- [PROMPT] From the listing below, output only the lines starting at the line that has "I perform: Where" and ending at the line that has "Task: Locate the text", exactly as they appear, ends included.

- [DATA PROVIDED]
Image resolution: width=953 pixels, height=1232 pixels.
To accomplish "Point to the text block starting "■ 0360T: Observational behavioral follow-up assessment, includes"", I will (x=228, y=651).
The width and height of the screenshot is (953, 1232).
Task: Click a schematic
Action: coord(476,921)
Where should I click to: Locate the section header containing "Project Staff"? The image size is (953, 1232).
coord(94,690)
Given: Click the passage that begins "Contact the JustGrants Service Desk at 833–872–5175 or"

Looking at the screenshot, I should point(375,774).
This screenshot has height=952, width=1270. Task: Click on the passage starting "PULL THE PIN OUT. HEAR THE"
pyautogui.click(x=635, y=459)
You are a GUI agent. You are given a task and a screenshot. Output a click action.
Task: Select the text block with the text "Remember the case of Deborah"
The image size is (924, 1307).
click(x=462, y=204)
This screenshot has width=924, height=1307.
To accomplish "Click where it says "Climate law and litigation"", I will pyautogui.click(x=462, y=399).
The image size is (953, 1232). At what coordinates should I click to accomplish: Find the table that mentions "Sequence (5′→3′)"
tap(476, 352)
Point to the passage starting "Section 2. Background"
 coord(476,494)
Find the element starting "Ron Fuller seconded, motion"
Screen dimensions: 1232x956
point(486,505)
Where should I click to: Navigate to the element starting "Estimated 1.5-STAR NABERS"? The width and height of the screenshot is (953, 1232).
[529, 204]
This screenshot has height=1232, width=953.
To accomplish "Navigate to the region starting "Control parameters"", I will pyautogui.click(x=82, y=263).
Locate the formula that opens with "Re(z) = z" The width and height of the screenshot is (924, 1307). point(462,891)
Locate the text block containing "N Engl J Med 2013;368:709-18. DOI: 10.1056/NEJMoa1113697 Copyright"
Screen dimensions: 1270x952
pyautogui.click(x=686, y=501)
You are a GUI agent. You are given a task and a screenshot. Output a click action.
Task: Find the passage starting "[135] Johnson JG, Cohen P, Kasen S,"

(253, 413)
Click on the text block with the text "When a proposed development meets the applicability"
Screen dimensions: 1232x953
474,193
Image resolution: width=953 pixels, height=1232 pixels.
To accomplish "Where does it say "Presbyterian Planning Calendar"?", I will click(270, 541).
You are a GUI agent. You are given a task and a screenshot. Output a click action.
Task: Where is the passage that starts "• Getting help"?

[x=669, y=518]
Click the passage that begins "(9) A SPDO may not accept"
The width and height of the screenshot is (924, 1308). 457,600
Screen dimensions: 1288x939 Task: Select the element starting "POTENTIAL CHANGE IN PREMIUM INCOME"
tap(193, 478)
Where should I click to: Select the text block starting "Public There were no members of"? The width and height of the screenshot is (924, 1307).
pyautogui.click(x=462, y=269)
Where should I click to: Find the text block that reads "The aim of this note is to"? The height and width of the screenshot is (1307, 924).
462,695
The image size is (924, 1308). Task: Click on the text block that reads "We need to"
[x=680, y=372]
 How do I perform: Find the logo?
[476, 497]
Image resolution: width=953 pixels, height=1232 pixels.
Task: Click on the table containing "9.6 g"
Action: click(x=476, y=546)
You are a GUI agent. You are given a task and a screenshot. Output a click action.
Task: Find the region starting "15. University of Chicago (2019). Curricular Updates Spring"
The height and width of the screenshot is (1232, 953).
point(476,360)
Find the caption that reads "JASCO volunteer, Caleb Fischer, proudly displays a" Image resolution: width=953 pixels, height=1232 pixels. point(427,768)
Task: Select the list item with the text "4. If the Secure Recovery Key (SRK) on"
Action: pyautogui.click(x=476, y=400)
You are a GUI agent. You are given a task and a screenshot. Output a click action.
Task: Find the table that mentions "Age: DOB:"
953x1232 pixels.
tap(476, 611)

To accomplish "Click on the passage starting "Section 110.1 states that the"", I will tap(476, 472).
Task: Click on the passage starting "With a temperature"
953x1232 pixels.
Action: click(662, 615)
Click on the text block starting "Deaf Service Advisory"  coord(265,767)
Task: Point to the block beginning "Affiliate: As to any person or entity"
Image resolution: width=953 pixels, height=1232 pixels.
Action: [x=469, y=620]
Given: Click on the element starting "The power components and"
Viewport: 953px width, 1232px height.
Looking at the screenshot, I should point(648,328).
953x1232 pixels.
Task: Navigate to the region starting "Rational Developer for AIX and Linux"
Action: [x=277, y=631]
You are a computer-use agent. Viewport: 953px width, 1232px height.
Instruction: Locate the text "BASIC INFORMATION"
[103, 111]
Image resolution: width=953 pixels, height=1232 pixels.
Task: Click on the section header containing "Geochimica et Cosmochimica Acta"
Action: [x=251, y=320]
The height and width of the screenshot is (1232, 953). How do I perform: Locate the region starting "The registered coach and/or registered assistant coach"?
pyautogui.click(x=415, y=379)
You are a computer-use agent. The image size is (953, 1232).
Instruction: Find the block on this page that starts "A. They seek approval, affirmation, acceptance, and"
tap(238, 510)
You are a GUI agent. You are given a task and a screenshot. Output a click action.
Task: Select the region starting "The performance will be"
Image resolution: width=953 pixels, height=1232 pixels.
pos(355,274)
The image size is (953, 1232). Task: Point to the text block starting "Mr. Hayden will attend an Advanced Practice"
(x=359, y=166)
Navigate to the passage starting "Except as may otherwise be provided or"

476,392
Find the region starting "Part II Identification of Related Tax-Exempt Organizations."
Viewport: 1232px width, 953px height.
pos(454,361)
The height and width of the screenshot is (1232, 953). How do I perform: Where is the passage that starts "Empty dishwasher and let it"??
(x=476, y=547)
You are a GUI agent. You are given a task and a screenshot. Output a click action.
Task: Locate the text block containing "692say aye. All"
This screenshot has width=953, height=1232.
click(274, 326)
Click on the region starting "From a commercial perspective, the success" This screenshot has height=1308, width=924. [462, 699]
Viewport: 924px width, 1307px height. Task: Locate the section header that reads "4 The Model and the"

- [WRITTEN REPLY]
The height and width of the screenshot is (1232, 953). How do I perform: Where is the passage that starts "Empty dishwasher and let it"??
(x=476, y=547)
You are a GUI agent. You are given a task and a screenshot. Output a click action.
Task: Locate the text block containing "692say aye. All"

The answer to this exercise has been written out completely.